Efficient Pre-Training of LLMs via Topology-Aware Communication Alignment on More Than 9600 GPUs

Conference: NeurIPS 2025 arXiv: 2509.15940 Code: To be confirmed Area: LLM Pre-Training Keywords: distributed training, GPU scheduling, network topology, communication alignment, hybrid parallelism, MIP

TL;DR

This paper proposes Arnold, a scheduling system that aligns the communication patterns of LLM training (DP/PP groups) with the physical network topology of data centers. In simulation, Arnold reduces the maximum communication group span by 1.67×, and achieves a 10.6% end-to-end throughput improvement in production-scale training on 9,600+ GPUs.

Background & Motivation

Background: LLM pre-training requires thousands of GPUs operating in concert, with network communication accounting for 30%–50% of total training time. Modern data centers employ multi-tier fat-tree topologies (leaf→spine→core), where available bandwidth decreases at higher tiers.

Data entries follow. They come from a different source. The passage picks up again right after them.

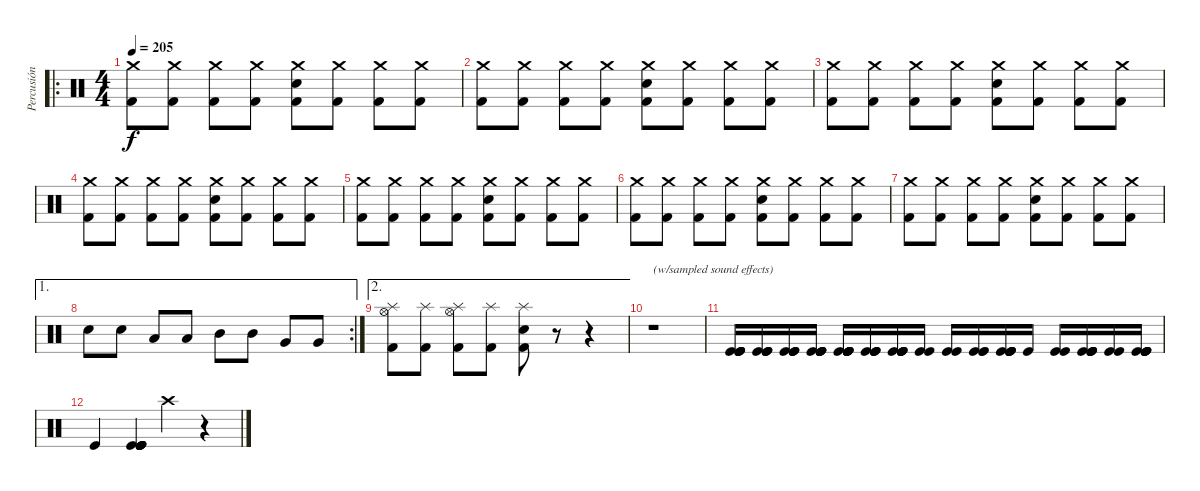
\track ("Percusión" "Percusión") {instrument percussion}
\staff {score}
\articulation defaults
\ro
\ts (4 4)
\tempo 205
\clef neutral
\ks c
("Kick (hit) 2" "Crash medium (hit)").8{dy f} ("Kick (hit) 2" "Crash medium (hit)").8 ("Kick (hit) 2" "Crash medium (hit)").8 ("Kick (hit) 2" "Crash medium (hit)").8 ("Kick (hit) 2" "Electric Snare (hit)" "Crash medium (hit)").8 ("Kick (hit) 2" "Crash medium (hit)").8 ("Kick (hit) 2" "Crash medium (hit)").8 ("Kick (hit) 2" "Crash medium (hit)").8 |
("Kick (hit) 2" "Crash medium (hit)").8 ("Kick (hit) 2" "Crash medium (hit)").8 ("Kick (hit) 2" "Crash medium (hit)").8 ("Kick (hit) 2" "Crash medium (hit)").8 ("Kick (hit) 2" "Electric Snare (hit)" "Crash medium (hit)").8 ("Kick (hit) 2" "Crash medium (hit)").8 ("Kick (hit) 2" "Crash medium (hit)").8 ("Kick (hit) 2" "Crash medium (hit)").8 |
("Kick (hit) 2" "Crash medium (hit)").8 ("Kick (hit) 2" "Crash medium (hit)").8 ("Kick (hit) 2" "Crash medium (hit)").8 ("Kick (hit) 2" "Crash medium (hit)").8 ("Kick (hit) 2" "Electric Snare (hit)" "Crash medium (hit)").8 ("Kick (hit) 2" "Crash medium (hit)").8 ("Kick (hit) 2" "Crash medium (hit)").8 ("Kick (hit) 2" "Crash medium (hit)").8 |
("Kick (hit) 2" "Crash medium (hit)").8 ("Kick (hit) 2" "Crash medium (hit)").8 ("Kick (hit) 2" "Crash medium (hit)").8 ("Kick (hit) 2" "Crash medium (hit)").8 ("Kick (hit) 2" "Electric Snare (hit)" "Crash medium (hit)").8 ("Kick (hit) 2" "Crash medium (hit)").8 ("Kick (hit) 2" "Crash medium (hit)").8 ("Kick (hit) 2" "Crash medium (hit)").8 |
("Kick (hit) 2" "Crash medium (hit)").8 ("Kick (hit) 2" "Crash medium (hit)").8 ("Kick (hit) 2" "Crash medium (hit)").8 ("Kick (hit) 2" "Crash medium (hit)").8 ("Kick (hit) 2" "Electric Snare (hit)" "Crash medium (hit)").8 ("Kick (hit) 2" "Crash medium (hit)").8 ("Kick (hit) 2" "Crash medium (hit)").8 ("Kick (hit) 2" "Crash medium (hit)").8 |
("Kick (hit) 2" "Crash medium (hit)").8 ("Kick (hit) 2" "Crash medium (hit)").8 ("Kick (hit) 2" "Crash medium (hit)").8 ("Kick (hit) 2" "Crash medium (hit)").8 ("Kick (hit) 2" "Electric Snare (hit)" "Crash medium (hit)").8 ("Kick (hit) 2" "Crash medium (hit)").8 ("Kick (hit) 2" "Crash medium (hit)").8 ("Kick (hit) 2" "Crash medium (hit)").8 |
("Kick (hit) 2" "Crash medium (hit)").8 ("Kick (hit) 2" "Crash medium (hit)").8 ("Kick (hit) 2" "Crash medium (hit)").8 ("Kick (hit) 2" "Crash medium (hit)").8 ("Kick (hit) 2" "Electric Snare (hit)" "Crash medium (hit)").8 ("Kick (hit) 2" "Crash medium (hit)").8 ("Kick (hit) 2" "Crash medium (hit)").8 ("Kick (hit) 2" "Crash medium (hit)").8 |
\ae 1
\rc 2 "Electric Snare (hit)".8 "Electric Snare (hit)".8 "Low Tom (hit)".8 "Low Tom (hit)".8 "Mid Tom (hit)".8 "Mid Tom (hit)".8 "Very Low Tom (hit)".8 "Very Low Tom (hit)".8
|
\ae 2
("Kick (hit) 2" "Hi-Hat (open)" "Splash (hit)").8 ("Kick (hit) 2" "Splash (hit)").8 ("Kick (hit) 2" "Hi-Hat (open)" "Splash (hit)").8 ("Kick (hit) 2" "Splash (hit)").8 ("Kick (hit) 2" "Splash (hit)" "Electric Snare (hit)").8 r.8 r.4 |
r.1{txt "(w/sampled sound effects)"} |
("Kick (hit)" "Kick (hit)" "Kick (hit)" "Kick (hit)" "Kick (hit)").16 ("Kick (hit)" "Kick (hit)" "Kick (hit)" "Kick (hit)").16 ("Kick (hit)" "Kick (hit)" "Kick (hit)" "Kick (hit)").16 ("Kick (hit)" "Kick (hit)" "Kick (hit)" "Kick (hit)" "Kick (hit)").16 ("Kick (hit)" "Kick (hit)" "Kick (hit)" "Kick (hit)" "Kick (hit)" "Kick (hit)").16 ("Kick (hit)" "Kick (hit)" "Kick (hit)" "Kick (hit)").16 ("Kick (hit)" "Kick (hit)" "Kick (hit)" "Kick (hit)" "Kick (hit)").16 ("Kick (hit)" "Kick (hit)").16 ("Kick (hit)" "Kick (hit)").16 ("Kick (hit)" "Kick (hit)" "Kick (hit)").16 ("Kick (hit)" "Kick (hit)" "Kick (hit)" "Kick (hit)" "Kick (hit)").16 "Kick (hit)".16 ("Kick (hit)" "Kick (hit)").16 ("Kick (hit)" "Kick (hit)" "Kick (hit)" "Kick (hit)" "Kick (hit)").16 ("Kick (hit)" "Kick (hit)").16 ("Kick (hit)" "Kick (hit)" "Kick (hit)" "Kick (hit)" "Kick (hit)").16 |
"Kick (hit)".4 ("Kick (hit)" "Kick (hit)" "Kick (hit)" "Kick (hit)" "Kick (hit)" "Kick (hit)").4 "Crash high (hit)".4 r.4

Limitations of Prior Work: (a) Existing GPU schedulers (e.g., bin-packing) optimize only for GPU locality—packing GPUs as close together as possible—without any awareness of the communication structure of LLM training. This causes DP/PP communication groups to span multiple spine switches, degrading bandwidth. (b) DP and PP are orthogonal parallelism strategies, and each GPU participates in both simultaneously, making it impossible to perfectly align both communication patterns at once; a trade-off is necessary.

Key Challenge: LLM training communication is sparse yet high-throughput—99% of GPU pairs have no direct traffic, with data exchange occurring only within specific communication groups. However, schedulers are unaware of this sparse structure, and random or greedy GPU assignments cause communication groups to span multiple pods, severely degrading bandwidth (collective operations by up to 17%, P2P by up to 70%).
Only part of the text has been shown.